“Reduced yearly inflation combined with stable construction material pricing makes for easier planning of construction costs; a welcomed change from the previous two years where every month meant revisiting business plans and cashflow forecasts.”
As mid-year data emerges, the construction sector seeks certainty and opportunity: our own rays of light.
The International Monetary Fund (IMF) and the Organisation for Economic Cooperation and Development (OECD) have both recently released reports, A Rocky Recovery in April and A Fragile Recovery in March, respectively. Germany published their preliminary gross domestic product (GDP) growth data in late May and news outlets were loud in declaring a recession for the country.

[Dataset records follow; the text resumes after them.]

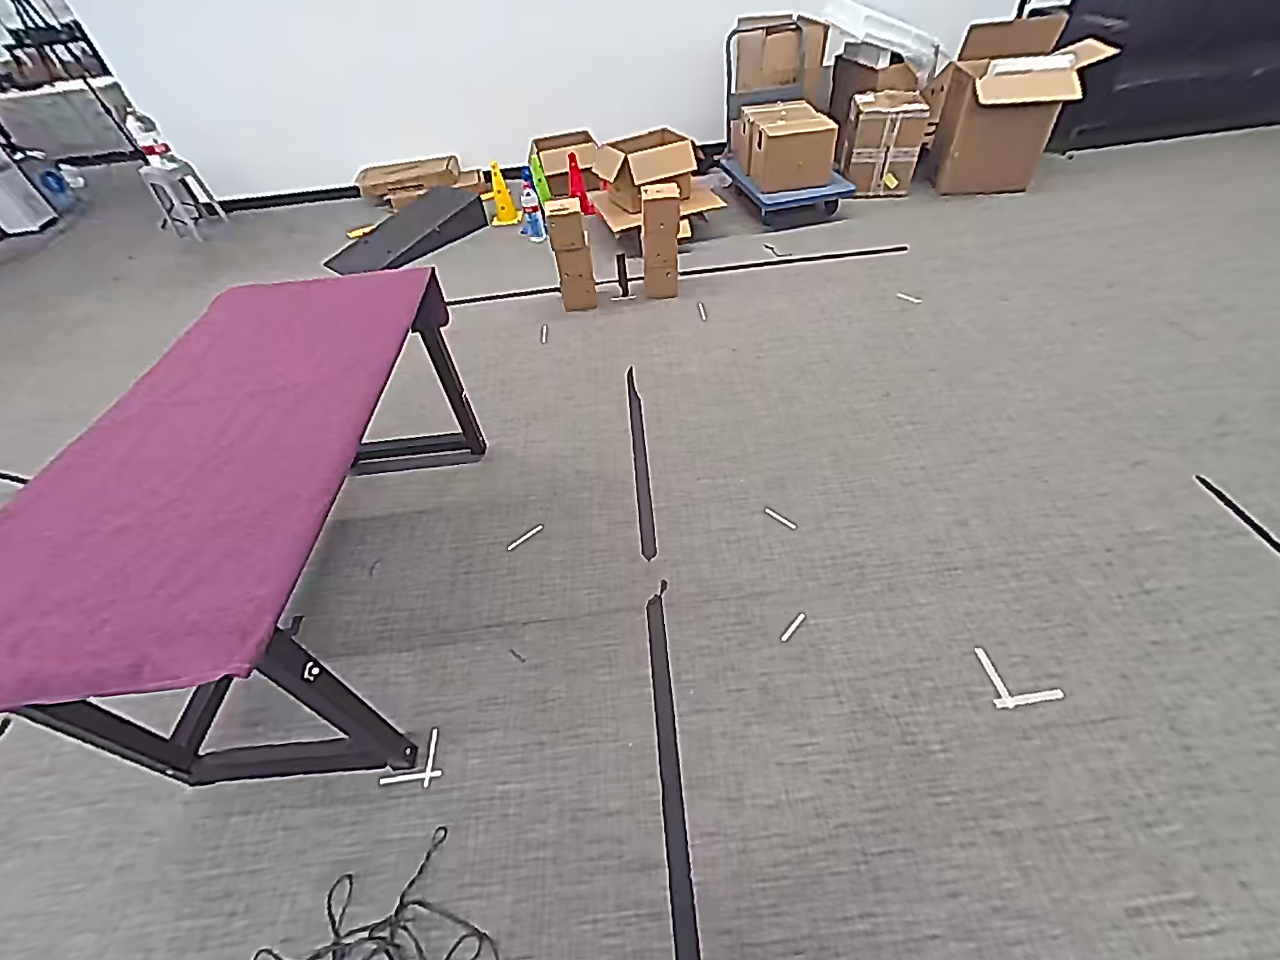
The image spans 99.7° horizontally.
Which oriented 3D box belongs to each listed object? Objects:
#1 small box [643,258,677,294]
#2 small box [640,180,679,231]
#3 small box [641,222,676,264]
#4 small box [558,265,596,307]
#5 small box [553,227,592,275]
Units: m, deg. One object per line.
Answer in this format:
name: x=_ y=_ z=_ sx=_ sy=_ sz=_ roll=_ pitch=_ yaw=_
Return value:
small box: x=0.104 y=-1.091 z=2.832 sx=0.179 sy=0.176 sz=0.168 roll=-3 pitch=47 yaw=2
small box: x=0.093 y=-1.315 z=2.595 sx=0.179 sy=0.176 sz=0.168 roll=-4 pitch=48 yaw=0
small box: x=0.092 y=-1.210 z=2.722 sx=0.168 sy=0.176 sz=0.179 roll=-6 pitch=48 yaw=-1
small box: x=-0.327 y=-1.021 z=2.812 sx=0.179 sy=0.176 sz=0.168 roll=-9 pitch=46 yaw=-1
small box: x=-0.334 y=-1.133 z=2.692 sx=0.168 sy=0.176 sz=0.179 roll=-6 pitch=46 yaw=0
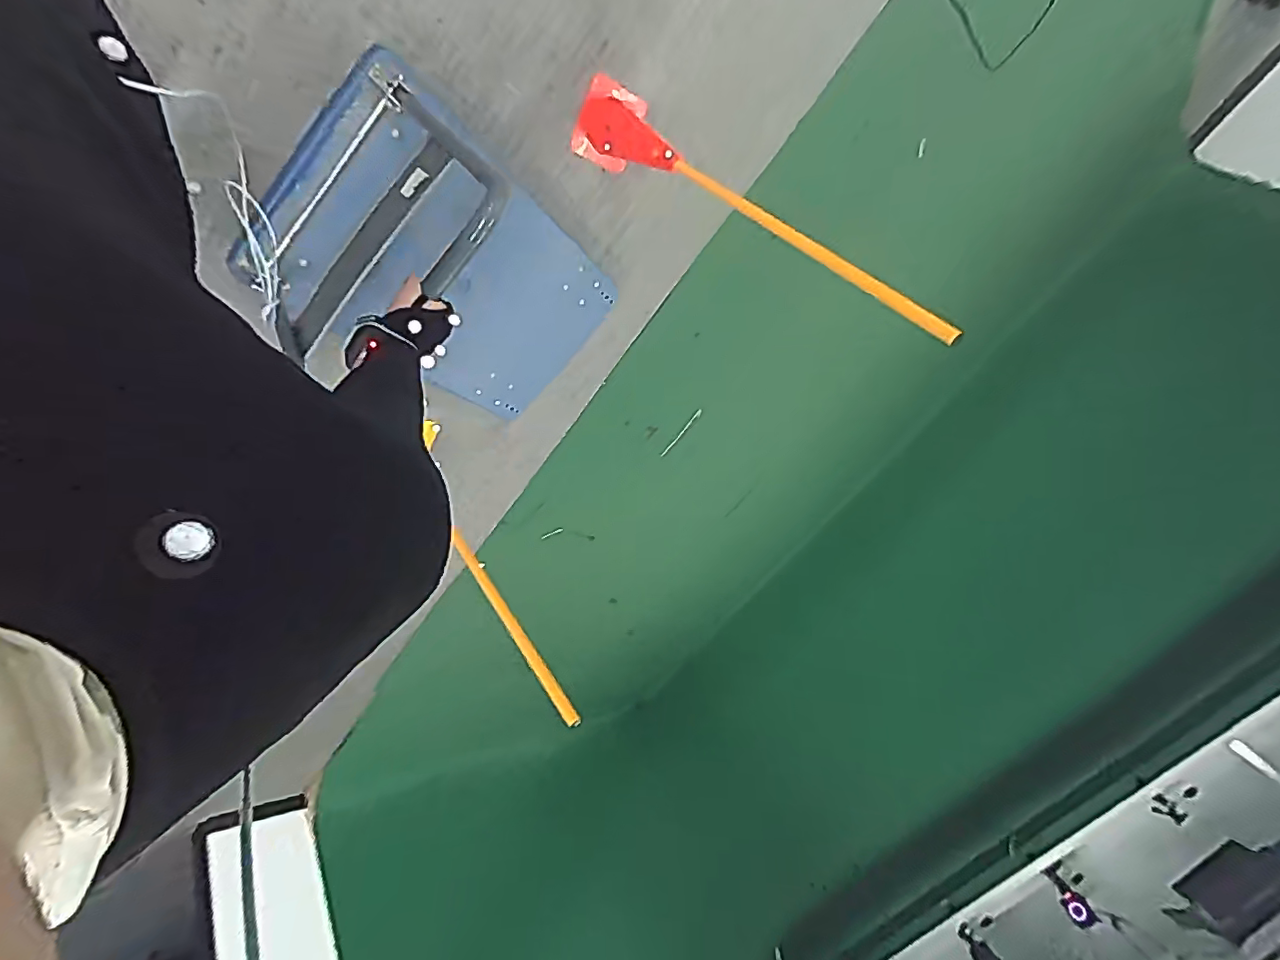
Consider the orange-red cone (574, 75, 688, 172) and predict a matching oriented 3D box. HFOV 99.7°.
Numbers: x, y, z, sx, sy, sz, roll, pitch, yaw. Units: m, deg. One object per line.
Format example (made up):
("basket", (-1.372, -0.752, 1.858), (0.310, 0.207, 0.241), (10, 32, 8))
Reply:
("orange-red cone", (0.011, -0.903, 1.448), (0.198, 0.360, 0.199), (0, 129, -44))
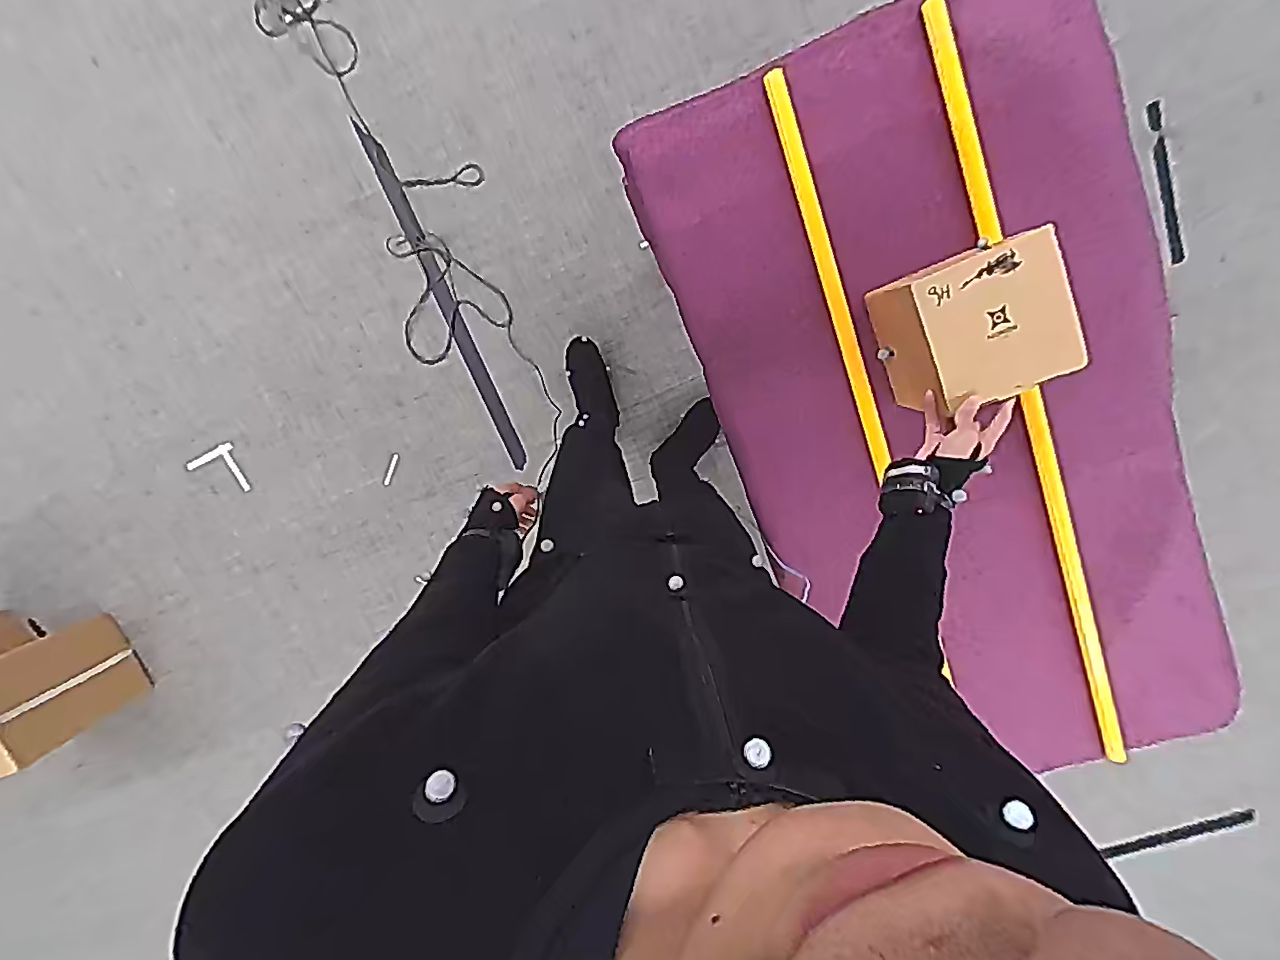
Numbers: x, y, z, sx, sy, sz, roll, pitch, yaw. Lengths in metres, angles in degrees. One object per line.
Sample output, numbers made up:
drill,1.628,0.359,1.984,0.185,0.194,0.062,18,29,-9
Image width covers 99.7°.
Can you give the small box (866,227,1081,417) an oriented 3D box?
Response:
small box,0.428,-0.204,0.719,0.168,0.176,0.179,-21,102,8
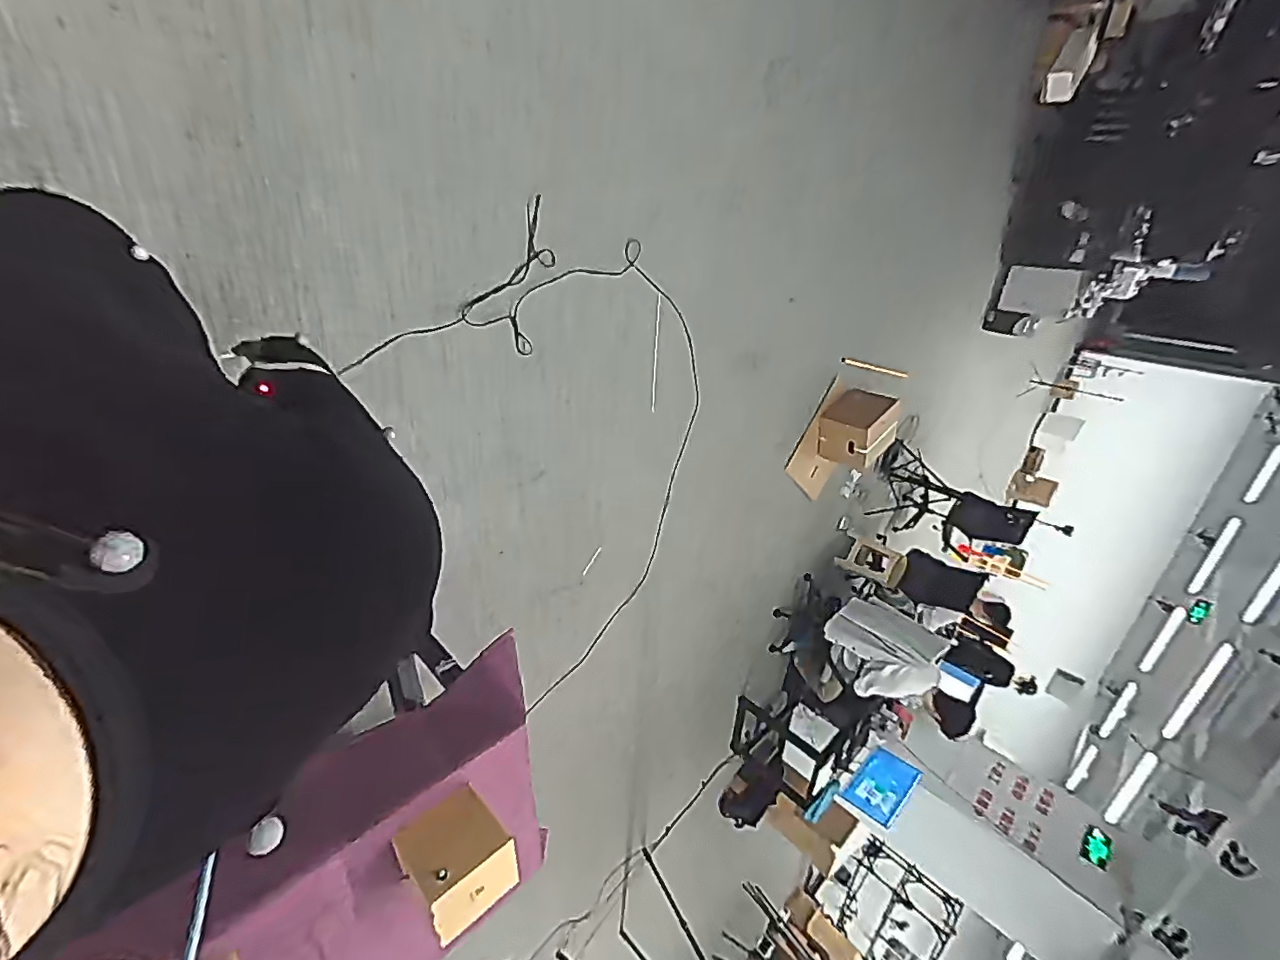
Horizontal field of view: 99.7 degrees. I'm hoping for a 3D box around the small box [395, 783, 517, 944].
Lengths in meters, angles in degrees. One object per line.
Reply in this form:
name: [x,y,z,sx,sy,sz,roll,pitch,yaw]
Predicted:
small box: [-0.378,0.780,1.120,0.179,0.176,0.168,-23,127,-38]
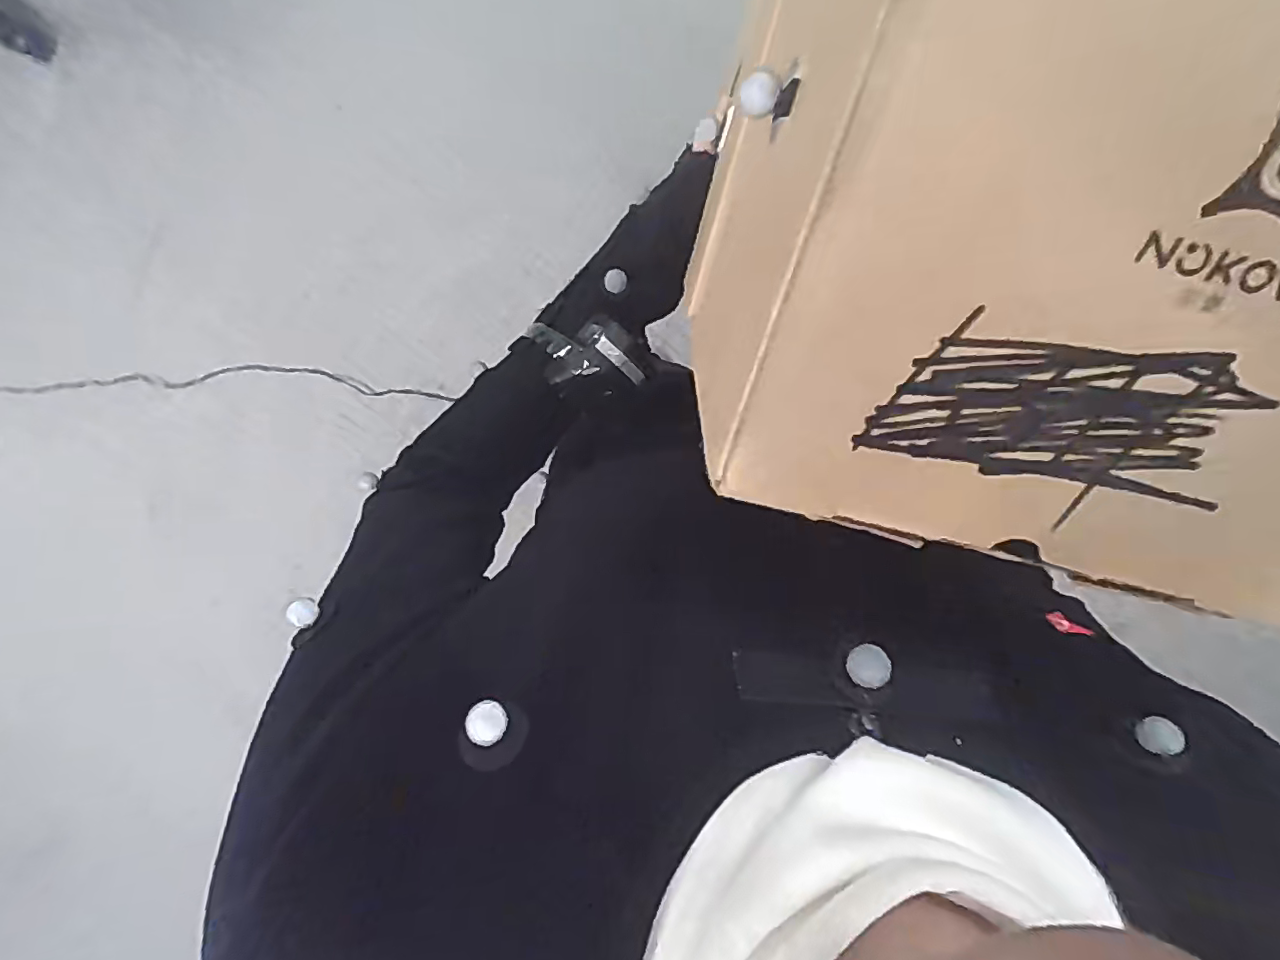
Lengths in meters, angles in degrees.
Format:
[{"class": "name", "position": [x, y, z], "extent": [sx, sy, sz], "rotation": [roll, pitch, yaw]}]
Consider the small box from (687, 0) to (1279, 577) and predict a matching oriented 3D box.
[{"class": "small box", "position": [0.116, -0.100, 0.181], "extent": [0.168, 0.176, 0.179], "rotation": [12, 117, -4]}]
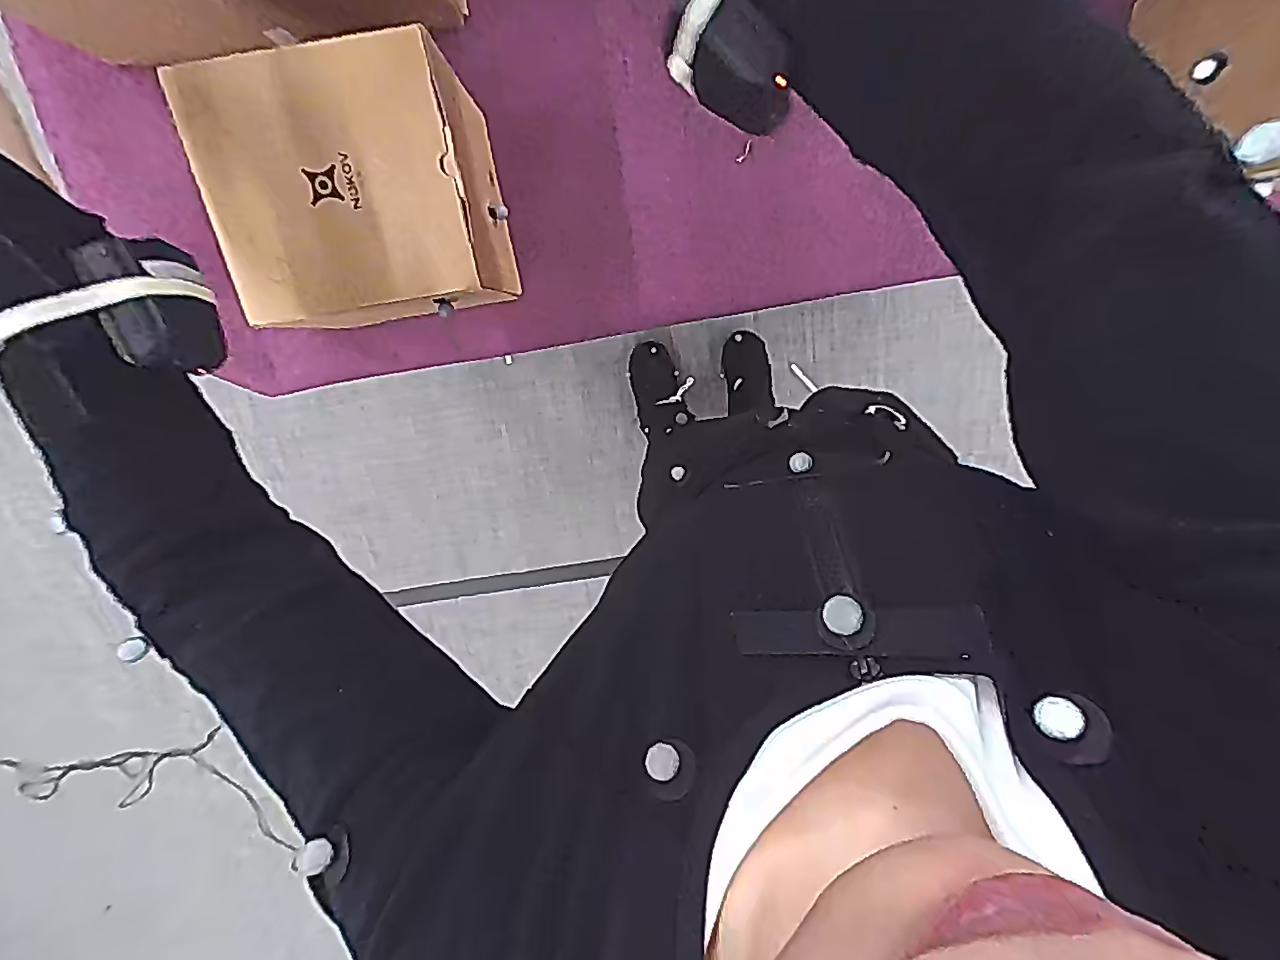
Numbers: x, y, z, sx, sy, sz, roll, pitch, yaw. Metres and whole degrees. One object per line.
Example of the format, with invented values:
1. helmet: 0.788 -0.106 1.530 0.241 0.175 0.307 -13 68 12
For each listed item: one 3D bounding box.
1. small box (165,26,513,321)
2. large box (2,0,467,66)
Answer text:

With headlines like these, it’s easy to get dragged down by the warnings and instead, miss the opportunities. Germany’s official GDP press release — the same one that reported two consecutive negative growth quarters — also described construction GDP as “rebounding” at 6.1%.
Previously unpredictable material pricing has recently become stable, as is the case with structural steel across all five of our Gleeds Europe countries, and in some locations is showing signs of small inflation reversal. The energy crisis is no longer a hot topic and the next construction cost driver is easy to pinpoint: EU Recovery and Resilience funded projects, heavily targeting energy efficiency and 5G connectivity. We also know carbon credits are starting to impact concrete pricing. It feels like the industry has enough awareness of what’s ahead to step forward with confidence.
Construction could certainly benefit from some predictability, as project inflation and material lead times are more easily customised to unique project particulars.
France, Germany, Portugal and Spain have all met IMF inflation forecasts as of the start of June. Reduced yearly inflation, combined with stable construction material pricing, makes for easier planning of construction costs; a welcomed change from the previous two years where every month meant revisiting business plans and cashflow forecasts.
The European Business Construction Survey, updated monthly, provides contractor insight. All five countries in this report show positive work expectations over the next three months. Germany reports neutral price increase expectations while France, Italy, Spain and Portugal all anticipate some price increases. Although Italy and Spain have a generally positive construction confidence indicator, the remaining countries are practically neutral, nearing zero.
Shadows remain on local economies but the rays of light in construction leading into the second half of 2023 may be enough to guide our decisions with certainty and confidence.